Friday, October 30, 2009

OSSP mm - Shared Memory Allocation

i played a few days with the mm shared memory lib. i must say i liked it!
it is easy to understand and easy to implement into existing code.
of course the lack of new()/delete() is somewhat limiting, but not that difficult to overcome in most cases.
alternatively, on our project we were looking into boost:interprocess, but i was kinda reluctant to use it, mostly because of the syntax (btw i found a boost/ace alternative at POCO, the users and designers say it provides boost/ace-a-like functionality, even if it cannot compare in perfomance, but the best gain is the C#-oriented syntax; probably worth it to examine).

there was one really weird problem with mm though, when i got the impression that mm_lock() wasnt working.
the workflow was a follows:
we have a hash located on the shared memory segment and before i get() from it i mm_lock it and subsequently mm_unlock() it. still i noticed that many times same value was being written to the hash, which was unexpected by design.
i fired our test up to create a few working processes and breaked in each one before a get(). the locks seemed to work, but after a put() suddenly the lock seemed to vanish in the haze?! digging deeper i found out that in put() we of course try to allocad some new memory in the shared mem segment and traceing down into mm_malloc i found out it was trying to lock too, and when done - calling mm_unlock()! piece of bad design or weird side-effect? either way, apart from that my impressions with OSSP mm were great. however it turned out that the boost guys go a few more tricks up in their sleeves, especially the name persisted storage seemed a very attractive idea for our purposes and we eventually decided to use the boost approach.
so...moving on and up again :)

Monday, October 19, 2009

random performace thoughts

just wanted to lay things out so i can see them more clearly. if it doesn't make sense to you, dear readers, please excuse me :)

so, we have many hashes (maps, containing cached data), but due to our implementation with fork() all the data is lost once a particular task is done. i had the idea of storing all those in a berkeley db so that every new forked task gets it from there and doesn't have to fill the hash by itself, but then - what is a task gonna read from the db when it doesn't know what it is gonna need beforehand. we cannot read everything as the data is HUGE and we cant read bit by bit as this slows down performance a lot - we had a test case like this: we tried using memcached as a remote cache, but this slowed us down even if we read from it only once into a local hash and all next calls where local (quick); if we hadn't read into local hash first, the slowdown would be even more devastating.

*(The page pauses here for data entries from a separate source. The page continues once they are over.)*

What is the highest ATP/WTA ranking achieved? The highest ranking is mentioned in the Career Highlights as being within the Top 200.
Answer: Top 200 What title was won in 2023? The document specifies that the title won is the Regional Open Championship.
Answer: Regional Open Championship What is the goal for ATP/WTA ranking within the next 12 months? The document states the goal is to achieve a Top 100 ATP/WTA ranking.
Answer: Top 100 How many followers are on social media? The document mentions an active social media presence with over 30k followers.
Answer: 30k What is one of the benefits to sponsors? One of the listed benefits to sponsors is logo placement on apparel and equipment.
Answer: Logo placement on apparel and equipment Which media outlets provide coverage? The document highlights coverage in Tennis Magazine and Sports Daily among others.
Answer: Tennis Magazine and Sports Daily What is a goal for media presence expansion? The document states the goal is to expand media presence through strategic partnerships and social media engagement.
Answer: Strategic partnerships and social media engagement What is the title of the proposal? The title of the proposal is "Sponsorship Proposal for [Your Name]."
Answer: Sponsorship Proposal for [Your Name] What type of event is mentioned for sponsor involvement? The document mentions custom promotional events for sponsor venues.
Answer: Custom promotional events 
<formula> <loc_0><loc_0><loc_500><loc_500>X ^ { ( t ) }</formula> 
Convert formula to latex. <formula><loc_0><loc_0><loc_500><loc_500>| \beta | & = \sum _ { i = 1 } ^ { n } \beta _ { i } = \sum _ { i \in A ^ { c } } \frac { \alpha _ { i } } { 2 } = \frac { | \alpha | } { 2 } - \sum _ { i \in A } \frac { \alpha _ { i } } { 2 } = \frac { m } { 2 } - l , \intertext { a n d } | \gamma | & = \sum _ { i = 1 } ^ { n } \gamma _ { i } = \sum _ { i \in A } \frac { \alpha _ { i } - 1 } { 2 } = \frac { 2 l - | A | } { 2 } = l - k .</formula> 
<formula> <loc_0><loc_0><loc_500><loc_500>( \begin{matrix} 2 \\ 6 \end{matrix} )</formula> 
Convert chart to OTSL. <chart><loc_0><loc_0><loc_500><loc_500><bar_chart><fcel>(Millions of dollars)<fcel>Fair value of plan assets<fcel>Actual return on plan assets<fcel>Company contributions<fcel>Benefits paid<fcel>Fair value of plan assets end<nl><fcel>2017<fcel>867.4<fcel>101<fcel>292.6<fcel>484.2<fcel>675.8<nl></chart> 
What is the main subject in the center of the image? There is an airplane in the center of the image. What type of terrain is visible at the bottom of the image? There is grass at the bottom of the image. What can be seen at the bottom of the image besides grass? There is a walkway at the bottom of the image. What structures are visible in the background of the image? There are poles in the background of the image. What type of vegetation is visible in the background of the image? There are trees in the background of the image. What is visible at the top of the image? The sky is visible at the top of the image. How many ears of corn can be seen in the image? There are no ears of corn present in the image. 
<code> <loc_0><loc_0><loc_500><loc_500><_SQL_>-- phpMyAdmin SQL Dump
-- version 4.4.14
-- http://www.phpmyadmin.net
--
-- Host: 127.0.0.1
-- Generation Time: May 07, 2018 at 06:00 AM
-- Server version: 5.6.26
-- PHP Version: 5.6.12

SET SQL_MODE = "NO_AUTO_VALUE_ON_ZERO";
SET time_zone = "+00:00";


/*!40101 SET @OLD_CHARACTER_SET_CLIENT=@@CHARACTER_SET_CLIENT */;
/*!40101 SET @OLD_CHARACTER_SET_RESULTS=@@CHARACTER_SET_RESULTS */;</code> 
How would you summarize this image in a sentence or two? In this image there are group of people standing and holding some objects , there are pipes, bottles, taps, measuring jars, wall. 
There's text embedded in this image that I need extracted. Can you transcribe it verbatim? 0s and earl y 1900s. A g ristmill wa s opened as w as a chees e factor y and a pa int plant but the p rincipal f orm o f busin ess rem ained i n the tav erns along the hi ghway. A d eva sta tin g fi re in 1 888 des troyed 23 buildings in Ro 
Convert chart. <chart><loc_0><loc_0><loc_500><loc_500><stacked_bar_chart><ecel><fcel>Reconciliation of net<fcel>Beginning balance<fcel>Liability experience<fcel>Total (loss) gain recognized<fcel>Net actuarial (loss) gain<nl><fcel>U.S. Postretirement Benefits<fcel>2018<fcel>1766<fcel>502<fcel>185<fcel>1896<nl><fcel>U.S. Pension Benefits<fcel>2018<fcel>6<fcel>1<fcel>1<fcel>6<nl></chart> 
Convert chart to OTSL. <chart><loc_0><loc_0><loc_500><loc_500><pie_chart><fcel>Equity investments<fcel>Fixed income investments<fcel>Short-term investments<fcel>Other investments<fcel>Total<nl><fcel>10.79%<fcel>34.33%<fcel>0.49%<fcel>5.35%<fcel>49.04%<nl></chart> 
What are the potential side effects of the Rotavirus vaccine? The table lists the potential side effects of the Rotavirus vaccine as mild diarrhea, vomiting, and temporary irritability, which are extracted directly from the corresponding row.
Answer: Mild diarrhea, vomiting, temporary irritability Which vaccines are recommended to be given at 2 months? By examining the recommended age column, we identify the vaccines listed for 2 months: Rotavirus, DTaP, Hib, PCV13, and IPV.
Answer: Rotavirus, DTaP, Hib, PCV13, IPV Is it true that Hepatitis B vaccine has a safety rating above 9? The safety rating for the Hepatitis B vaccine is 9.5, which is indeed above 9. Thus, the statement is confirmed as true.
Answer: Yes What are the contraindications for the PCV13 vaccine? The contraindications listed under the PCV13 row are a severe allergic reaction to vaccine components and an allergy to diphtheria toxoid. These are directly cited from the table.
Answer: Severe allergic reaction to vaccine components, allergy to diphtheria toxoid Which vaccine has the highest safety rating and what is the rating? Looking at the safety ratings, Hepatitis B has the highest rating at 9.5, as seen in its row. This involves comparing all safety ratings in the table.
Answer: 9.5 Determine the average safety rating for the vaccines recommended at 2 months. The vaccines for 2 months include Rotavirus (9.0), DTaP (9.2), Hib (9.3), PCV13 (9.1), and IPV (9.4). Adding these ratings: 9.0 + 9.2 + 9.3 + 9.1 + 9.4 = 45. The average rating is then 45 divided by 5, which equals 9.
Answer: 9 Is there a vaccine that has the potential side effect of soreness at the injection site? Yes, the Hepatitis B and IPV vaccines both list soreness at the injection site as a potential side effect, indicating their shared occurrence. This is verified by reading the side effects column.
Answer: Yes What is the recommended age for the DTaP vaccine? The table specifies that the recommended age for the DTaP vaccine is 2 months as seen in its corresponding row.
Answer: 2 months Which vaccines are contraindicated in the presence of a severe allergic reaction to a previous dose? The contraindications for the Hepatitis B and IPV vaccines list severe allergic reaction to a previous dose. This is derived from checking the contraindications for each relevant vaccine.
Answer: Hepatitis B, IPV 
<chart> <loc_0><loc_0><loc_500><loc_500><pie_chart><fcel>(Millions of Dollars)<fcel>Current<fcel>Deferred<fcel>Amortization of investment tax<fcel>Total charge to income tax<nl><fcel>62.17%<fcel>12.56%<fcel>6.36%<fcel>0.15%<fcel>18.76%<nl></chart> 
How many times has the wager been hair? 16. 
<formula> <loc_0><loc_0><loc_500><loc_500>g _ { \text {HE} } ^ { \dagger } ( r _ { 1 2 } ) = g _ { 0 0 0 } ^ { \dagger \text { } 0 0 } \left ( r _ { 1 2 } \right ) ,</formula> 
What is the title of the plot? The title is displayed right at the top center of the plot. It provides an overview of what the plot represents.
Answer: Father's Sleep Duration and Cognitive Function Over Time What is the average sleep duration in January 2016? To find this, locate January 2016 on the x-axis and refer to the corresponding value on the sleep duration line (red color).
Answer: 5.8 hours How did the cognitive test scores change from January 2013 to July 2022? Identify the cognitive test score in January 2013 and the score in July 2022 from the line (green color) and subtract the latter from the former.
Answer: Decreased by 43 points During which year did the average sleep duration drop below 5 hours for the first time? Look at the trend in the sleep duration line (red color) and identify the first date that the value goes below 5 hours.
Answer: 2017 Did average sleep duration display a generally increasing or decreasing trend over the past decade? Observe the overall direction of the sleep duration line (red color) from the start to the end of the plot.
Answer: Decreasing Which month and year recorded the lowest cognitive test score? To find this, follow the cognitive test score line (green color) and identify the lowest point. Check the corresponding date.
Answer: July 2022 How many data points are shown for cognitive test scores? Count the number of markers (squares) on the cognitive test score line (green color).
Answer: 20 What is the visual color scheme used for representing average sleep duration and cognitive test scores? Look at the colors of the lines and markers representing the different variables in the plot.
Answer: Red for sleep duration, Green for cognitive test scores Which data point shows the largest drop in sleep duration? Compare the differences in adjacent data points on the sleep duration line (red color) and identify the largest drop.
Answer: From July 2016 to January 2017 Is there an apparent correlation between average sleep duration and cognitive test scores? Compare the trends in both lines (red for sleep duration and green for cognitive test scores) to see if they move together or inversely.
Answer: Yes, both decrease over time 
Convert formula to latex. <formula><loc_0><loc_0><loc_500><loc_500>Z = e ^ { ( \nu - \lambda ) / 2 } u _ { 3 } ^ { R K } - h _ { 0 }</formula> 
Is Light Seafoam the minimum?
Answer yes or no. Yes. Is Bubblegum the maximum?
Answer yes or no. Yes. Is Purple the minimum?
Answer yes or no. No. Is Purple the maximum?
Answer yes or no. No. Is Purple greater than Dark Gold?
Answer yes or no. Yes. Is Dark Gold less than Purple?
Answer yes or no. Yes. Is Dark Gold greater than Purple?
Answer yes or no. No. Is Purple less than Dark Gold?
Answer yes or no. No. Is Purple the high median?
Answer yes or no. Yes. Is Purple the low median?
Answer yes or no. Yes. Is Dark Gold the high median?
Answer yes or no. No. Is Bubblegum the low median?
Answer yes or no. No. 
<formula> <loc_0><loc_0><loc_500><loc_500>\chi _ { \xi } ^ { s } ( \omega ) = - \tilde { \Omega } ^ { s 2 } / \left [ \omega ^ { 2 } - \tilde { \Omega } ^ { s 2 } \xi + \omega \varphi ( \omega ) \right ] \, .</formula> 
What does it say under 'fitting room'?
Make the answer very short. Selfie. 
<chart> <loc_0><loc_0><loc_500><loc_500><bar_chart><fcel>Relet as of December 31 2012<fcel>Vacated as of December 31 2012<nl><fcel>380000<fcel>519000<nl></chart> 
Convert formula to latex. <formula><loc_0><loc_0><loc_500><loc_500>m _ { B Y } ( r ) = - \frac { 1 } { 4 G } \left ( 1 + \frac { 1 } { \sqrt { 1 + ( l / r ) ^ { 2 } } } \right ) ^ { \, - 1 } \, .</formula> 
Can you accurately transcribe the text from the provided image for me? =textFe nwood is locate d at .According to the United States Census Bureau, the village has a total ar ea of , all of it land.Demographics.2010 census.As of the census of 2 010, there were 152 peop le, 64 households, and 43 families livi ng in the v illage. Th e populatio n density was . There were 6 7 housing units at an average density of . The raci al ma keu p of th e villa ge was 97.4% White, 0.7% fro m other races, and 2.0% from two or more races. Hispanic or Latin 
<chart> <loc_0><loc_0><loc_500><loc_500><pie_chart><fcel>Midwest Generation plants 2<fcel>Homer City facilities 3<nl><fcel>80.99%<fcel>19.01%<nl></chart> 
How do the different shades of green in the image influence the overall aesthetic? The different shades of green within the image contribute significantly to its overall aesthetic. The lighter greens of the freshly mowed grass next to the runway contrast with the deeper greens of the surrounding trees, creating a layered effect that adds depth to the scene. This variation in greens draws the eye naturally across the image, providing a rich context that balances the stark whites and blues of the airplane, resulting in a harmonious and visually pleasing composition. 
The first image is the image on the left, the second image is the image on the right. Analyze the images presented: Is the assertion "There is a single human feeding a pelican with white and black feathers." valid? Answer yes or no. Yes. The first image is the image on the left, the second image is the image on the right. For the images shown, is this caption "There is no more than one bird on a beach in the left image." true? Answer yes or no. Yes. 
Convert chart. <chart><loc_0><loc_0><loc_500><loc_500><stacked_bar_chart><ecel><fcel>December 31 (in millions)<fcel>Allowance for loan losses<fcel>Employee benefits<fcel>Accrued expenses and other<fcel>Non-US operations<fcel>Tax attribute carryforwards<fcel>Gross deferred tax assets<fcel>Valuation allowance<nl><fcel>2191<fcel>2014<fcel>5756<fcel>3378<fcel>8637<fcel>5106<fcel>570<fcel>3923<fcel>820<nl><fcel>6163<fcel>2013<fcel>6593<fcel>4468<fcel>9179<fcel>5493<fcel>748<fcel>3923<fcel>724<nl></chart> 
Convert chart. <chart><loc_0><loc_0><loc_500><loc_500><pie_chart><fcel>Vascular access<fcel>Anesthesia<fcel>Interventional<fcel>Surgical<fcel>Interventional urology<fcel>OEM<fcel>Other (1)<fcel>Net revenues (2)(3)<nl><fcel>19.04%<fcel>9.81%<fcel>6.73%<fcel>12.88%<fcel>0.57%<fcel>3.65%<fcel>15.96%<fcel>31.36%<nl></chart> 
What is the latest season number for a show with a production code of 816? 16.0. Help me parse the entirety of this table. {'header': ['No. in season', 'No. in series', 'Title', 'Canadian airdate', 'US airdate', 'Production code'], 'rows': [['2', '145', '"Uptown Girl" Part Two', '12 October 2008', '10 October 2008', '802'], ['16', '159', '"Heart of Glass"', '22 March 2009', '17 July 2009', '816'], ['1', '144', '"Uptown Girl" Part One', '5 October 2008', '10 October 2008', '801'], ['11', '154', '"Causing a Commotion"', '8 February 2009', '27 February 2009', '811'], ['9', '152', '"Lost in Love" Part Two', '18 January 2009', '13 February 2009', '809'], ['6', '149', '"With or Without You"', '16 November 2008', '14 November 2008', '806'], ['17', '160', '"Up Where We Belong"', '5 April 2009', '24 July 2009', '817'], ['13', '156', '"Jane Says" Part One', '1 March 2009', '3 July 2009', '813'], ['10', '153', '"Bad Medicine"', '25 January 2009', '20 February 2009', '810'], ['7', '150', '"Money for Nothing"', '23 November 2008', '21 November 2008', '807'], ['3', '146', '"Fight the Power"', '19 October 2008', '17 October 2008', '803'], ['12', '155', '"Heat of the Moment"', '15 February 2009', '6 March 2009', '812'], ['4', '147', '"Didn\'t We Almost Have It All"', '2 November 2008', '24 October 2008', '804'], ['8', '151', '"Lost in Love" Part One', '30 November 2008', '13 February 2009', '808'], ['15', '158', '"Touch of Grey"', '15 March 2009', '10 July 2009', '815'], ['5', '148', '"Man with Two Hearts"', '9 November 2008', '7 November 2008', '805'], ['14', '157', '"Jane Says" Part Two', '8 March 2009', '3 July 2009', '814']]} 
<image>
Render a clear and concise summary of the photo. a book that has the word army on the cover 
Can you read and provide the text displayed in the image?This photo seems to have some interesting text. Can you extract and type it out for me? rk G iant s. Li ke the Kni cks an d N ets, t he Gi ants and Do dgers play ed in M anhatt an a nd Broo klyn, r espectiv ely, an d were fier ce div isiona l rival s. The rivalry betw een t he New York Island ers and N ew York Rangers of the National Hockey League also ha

one possible solution is for the main process to reread all from the stored data and all children would get it via fork/copy-on-write and then put any changes/additions back into the db for the parent to read when a new task requests start.

i have another one around - when if we realise what we need from the cache much earlier than when we need it? we could then start a thread to pre-load the expected data while the main thread goes on processing and when it reached the point when the hash is needed - voila! its all up there! in case there are gaps they can be filled runtime, should be a small percentage of the overall effort

i'm working on a shared memory solution, but all these got me into doubt about the performance hit, similar to hitting the memcached everytime (by the way, i found out about OSSP mm shared memory allocation project at http://www.ossp.org/pkg/lib/mm/, and it looks really good. i dont know how i missed it earlier, guess i was looking for a std-kind-of allocator and got ptu back by some messages that boost had given up on the idea. another btw - is the new std with C++x0 gonna include something like this? from what i read it does include some fancy new stuff related to multithreaded and multicore programming which is awesome. would be great once we get our hands on it)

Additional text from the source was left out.